EV Charging

The 7kW decision that quietly halves your fuel bill.

A home EV charger plus a smart tariff turns electricity into the cheapest fuel in Britain. Public charging is convenient. Home charging is the actual reason EVs cost less to run; and it depends on getting the install right.

Field guide
EV Charging
Read time
6 min read
Bias
Independent
Sources
UK installs

Start here

What most people
want to know first.

Four quick framings to help you place this topic inside your wider home plan.

  1. 01

    Start here if you don't have a driveway.
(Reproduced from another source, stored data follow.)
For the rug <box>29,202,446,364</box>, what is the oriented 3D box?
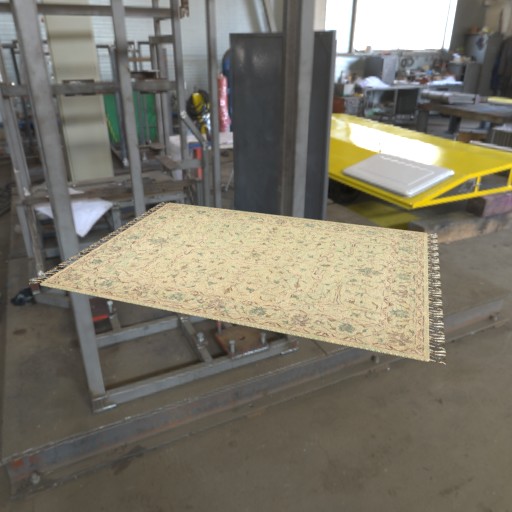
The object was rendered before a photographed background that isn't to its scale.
[{"bbox_3d":[0.000,0.000,2.308,1.802,0.008,1.247,8,27,17],"label":"rug"}]
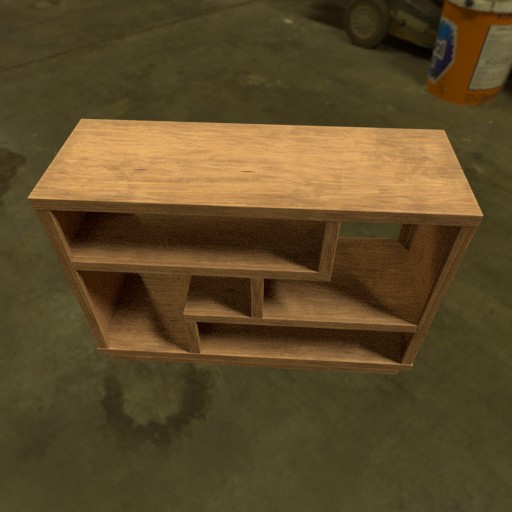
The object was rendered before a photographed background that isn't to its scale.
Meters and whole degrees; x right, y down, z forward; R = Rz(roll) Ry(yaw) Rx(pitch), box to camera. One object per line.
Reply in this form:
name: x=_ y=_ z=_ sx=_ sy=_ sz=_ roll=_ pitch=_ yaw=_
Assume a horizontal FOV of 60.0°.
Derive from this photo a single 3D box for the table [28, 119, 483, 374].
table: x=0.000 y=0.000 z=1.531 sx=1.151 sy=0.771 sz=0.410 roll=2 pitch=46 yaw=2

A home charger is the cheap-running-cost cheat code. Without one, your EV will cost more per mile than a fuel-efficient petrol car; the maths really is that stark.

  2. 02

    Start here if you're being quoted under £900. Suspiciously cheap quotes usually skip the load-balancing your incoming supply needs. Pay for the proper install.

  3. 03

    Start here if you're on a standard tariff. Switch to Intelligent Octopus Go (or equivalent) the day your charger goes in; you'll roughly halve your running cost overnight, with no other change.

  4. 04

    Start here if you're getting solar too. Specify a charger that can divert excess solar to the car. The integration is straightforward at install; expensive to retrofit.

The field guide

What you actually
need to know.

Independent, opinionated, and written for homeowners spending real money.

§01

Why home charging is the whole game.

Public rapid charging in the UK runs 55–85p/kWh; roughly the same per-mile cost as a 50mpg petrol car. The 'EVs are cheap to run' headline is built entirely on the assumption that you charge at home.
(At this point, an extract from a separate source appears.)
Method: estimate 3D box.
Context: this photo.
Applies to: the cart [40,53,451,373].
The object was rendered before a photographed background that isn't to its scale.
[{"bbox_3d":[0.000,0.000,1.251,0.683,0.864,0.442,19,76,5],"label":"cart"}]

Home charging on a flat tariff is ~28p/kWh, or about 8p/mile in a typical EV. Home charging on a time-of-use overnight tariff (7p/kWh) is around 2p/mile; a third the cost of public rapid charging and a fifth of petrol.

If your day-to-day driving fits a home-charging pattern (returns to a parking space with a cable, drives under ~200 miles a day), the maths is decisive. If it doesn't, the EV decision itself needs more thought, not just the charger one.

§02

7kW vs 22kW; picking the speed you actually need.
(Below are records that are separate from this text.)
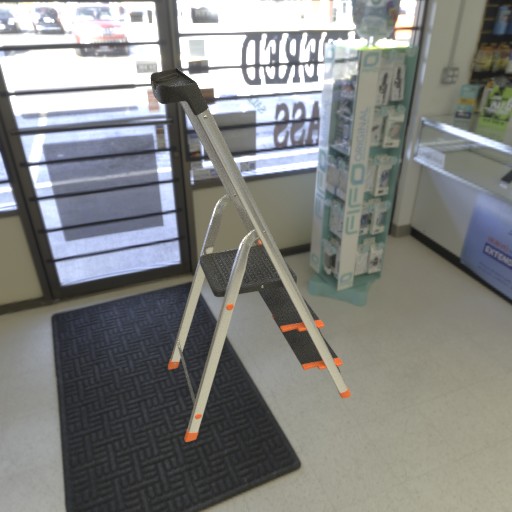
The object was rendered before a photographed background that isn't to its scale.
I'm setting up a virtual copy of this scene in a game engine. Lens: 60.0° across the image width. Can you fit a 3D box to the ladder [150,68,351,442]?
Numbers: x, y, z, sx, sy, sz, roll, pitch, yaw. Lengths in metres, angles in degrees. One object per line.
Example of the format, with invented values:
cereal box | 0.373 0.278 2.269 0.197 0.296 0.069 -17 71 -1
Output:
ladder | 0.000 0.000 1.583 0.686 1.229 0.416 -10 31 -16

A 7kW charger adds about 25–30 miles of range per hour. Plug in at 7pm, fully charged by 7am. For 95% of UK homes this is plenty; overnight is long enough.

22kW chargers need a three-phase electrical supply, which most UK houses don't have. Upgrading is £3,000–£8,000 if your street supports it, often impossible if it doesn't. Pay for it only if you have a genuine need (multiple EVs, very short charging windows, or commercial use).

Skip the 11kW option entirely. It requires three-phase but doesn't materially out-charge a 7kW on overnight schedules; niche use case, rarely worth the cost.

§03

The install that actually matters: load balancing.

UK homes are typically supplied with 60–80A single-phase. A 7kW charger draws 32A continuously while charging. Add a kettle (10A), oven (32A), shower (40A) and you've blown the supply. Without load balancing, your main fuse trips at the worst possible moment.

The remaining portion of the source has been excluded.